Collected data:
[Start of section]

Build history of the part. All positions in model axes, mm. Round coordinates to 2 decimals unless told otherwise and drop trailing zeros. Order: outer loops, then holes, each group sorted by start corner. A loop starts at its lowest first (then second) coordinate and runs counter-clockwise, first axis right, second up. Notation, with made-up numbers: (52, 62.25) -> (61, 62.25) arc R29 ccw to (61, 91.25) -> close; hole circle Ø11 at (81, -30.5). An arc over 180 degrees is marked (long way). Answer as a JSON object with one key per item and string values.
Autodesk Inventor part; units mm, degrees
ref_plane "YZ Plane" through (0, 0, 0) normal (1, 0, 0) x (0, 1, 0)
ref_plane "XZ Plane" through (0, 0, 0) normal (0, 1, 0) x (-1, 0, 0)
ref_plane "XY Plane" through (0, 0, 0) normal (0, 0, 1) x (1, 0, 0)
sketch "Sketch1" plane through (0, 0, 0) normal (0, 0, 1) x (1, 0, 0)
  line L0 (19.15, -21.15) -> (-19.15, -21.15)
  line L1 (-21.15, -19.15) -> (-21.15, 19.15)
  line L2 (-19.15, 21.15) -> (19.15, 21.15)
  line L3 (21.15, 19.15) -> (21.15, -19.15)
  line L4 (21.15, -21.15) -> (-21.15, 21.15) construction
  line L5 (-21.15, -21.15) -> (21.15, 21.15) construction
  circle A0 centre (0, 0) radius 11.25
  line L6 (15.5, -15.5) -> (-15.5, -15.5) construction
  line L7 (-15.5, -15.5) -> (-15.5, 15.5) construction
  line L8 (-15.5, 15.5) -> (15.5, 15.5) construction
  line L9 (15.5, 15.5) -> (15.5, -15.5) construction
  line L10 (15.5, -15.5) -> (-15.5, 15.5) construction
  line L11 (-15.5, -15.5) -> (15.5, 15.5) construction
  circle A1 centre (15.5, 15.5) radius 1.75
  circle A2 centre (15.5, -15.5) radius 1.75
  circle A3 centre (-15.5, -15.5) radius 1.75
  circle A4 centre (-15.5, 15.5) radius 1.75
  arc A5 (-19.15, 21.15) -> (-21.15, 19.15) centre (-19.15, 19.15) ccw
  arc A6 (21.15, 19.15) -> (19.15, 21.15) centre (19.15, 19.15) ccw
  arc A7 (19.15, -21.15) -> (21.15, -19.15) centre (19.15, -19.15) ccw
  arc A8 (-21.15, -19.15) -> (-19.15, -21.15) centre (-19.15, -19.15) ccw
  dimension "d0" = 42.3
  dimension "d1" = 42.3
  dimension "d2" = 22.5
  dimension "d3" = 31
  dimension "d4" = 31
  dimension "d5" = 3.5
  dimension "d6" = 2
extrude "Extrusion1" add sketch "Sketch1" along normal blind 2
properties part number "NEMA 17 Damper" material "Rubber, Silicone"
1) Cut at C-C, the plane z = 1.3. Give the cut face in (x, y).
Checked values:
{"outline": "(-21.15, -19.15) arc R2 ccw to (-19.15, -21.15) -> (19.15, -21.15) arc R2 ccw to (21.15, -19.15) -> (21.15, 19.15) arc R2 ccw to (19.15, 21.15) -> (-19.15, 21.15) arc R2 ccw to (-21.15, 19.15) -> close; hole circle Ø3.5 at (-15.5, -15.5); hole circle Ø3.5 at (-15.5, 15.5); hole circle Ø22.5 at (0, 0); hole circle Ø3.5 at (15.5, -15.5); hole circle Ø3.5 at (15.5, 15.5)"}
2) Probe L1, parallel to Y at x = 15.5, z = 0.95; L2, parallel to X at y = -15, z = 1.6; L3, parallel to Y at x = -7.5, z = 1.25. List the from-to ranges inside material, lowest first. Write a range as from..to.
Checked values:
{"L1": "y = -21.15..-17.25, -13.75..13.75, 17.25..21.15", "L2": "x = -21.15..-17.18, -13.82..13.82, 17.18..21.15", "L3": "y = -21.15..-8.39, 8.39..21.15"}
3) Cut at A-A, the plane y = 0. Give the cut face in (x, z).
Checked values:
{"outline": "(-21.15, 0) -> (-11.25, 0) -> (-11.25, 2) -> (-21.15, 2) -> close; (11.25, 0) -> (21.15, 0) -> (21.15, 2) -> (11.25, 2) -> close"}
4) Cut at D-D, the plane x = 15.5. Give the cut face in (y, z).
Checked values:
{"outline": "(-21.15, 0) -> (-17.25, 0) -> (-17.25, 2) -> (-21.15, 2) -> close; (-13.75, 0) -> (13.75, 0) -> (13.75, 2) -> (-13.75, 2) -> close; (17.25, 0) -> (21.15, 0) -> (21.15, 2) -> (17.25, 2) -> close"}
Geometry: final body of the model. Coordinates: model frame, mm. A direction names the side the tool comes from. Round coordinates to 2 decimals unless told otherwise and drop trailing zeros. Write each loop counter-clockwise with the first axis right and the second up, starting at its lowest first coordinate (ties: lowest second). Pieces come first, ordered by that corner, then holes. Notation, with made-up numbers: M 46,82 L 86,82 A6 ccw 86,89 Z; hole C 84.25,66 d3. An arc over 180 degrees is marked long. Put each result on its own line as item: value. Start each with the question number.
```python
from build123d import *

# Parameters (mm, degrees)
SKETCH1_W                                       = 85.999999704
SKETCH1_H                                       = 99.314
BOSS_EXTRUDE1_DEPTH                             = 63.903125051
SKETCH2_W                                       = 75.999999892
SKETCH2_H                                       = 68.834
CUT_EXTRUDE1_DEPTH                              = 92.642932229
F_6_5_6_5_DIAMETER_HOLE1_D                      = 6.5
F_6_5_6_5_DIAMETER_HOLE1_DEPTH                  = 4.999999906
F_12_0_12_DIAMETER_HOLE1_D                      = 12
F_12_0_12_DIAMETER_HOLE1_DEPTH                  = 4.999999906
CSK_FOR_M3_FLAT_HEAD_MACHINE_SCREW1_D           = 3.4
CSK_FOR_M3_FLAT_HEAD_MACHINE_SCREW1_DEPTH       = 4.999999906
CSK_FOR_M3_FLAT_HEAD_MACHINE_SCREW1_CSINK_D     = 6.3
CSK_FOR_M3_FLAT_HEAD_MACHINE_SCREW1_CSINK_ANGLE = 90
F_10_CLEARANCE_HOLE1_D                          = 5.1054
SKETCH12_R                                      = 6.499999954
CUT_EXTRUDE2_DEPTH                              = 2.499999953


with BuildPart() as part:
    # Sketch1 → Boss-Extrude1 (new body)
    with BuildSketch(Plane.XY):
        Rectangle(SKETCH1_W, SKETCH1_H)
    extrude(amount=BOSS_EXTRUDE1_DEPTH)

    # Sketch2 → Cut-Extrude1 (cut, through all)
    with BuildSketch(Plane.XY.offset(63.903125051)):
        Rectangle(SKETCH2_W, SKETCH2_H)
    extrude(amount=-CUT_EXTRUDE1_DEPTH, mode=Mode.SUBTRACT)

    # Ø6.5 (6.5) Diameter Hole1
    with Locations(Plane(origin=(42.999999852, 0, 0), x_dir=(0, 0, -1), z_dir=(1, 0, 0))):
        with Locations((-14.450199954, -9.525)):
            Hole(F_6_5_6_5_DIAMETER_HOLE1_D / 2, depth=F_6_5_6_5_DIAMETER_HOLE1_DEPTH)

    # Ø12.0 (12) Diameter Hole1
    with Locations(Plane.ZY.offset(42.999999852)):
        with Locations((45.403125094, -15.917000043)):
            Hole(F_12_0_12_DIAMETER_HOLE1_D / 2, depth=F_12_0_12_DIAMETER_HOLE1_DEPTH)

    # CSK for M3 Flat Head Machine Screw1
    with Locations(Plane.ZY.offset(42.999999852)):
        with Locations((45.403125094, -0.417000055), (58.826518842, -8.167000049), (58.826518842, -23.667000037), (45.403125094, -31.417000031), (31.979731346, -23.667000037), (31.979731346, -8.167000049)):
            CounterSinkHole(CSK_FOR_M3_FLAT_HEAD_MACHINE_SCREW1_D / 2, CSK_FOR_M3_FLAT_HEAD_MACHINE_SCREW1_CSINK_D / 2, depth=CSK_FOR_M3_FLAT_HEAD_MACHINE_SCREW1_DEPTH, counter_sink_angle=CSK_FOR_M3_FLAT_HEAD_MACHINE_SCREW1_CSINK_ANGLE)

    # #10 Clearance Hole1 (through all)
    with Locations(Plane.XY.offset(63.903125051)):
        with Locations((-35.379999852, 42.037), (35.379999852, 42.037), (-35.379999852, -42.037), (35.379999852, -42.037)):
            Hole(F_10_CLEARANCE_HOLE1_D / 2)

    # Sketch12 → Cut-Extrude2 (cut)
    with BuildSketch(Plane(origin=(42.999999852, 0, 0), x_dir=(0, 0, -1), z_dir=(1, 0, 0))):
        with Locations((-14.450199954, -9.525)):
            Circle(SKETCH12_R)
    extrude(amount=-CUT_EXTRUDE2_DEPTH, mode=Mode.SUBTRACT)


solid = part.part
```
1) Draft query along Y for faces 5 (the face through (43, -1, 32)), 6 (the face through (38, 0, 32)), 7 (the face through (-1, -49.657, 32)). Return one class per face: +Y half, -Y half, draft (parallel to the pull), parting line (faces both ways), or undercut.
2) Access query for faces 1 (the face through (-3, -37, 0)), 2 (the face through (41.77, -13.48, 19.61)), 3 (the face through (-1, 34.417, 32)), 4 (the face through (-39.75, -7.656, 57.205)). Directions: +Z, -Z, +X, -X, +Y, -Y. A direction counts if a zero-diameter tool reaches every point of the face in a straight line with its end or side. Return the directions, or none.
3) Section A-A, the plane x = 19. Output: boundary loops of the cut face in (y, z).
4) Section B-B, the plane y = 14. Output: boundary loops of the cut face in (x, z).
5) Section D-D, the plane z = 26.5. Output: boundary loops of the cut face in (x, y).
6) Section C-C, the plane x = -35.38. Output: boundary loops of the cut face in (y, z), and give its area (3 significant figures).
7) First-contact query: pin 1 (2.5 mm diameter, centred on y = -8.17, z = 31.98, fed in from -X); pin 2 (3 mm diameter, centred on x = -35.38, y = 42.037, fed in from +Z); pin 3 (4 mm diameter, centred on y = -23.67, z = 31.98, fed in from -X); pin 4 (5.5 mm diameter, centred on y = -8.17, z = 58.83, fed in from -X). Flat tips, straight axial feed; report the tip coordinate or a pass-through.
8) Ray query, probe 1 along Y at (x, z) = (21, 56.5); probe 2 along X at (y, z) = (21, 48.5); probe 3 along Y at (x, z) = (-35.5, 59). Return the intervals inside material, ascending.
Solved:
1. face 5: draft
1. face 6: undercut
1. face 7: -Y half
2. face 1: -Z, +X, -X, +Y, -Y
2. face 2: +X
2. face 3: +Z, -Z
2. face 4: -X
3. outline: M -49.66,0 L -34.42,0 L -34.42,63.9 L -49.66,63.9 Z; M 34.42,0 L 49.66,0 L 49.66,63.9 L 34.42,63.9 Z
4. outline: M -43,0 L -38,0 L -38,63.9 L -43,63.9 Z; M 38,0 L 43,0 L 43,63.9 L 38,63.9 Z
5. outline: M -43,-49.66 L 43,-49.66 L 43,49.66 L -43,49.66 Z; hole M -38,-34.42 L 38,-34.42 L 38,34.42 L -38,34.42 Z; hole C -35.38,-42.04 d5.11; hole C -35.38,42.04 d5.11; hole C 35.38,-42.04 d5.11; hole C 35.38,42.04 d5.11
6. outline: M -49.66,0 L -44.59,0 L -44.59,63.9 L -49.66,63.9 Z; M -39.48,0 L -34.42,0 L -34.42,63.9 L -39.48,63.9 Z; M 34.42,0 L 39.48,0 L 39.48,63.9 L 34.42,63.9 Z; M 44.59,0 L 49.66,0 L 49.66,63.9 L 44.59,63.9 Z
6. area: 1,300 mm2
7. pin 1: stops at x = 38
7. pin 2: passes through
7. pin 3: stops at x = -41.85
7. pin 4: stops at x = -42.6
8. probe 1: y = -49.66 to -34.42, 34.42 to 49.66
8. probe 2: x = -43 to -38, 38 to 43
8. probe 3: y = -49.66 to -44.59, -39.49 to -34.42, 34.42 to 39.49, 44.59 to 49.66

[End of section]

The string "radius": state how many lines above contain it, giving nothing but the number.

5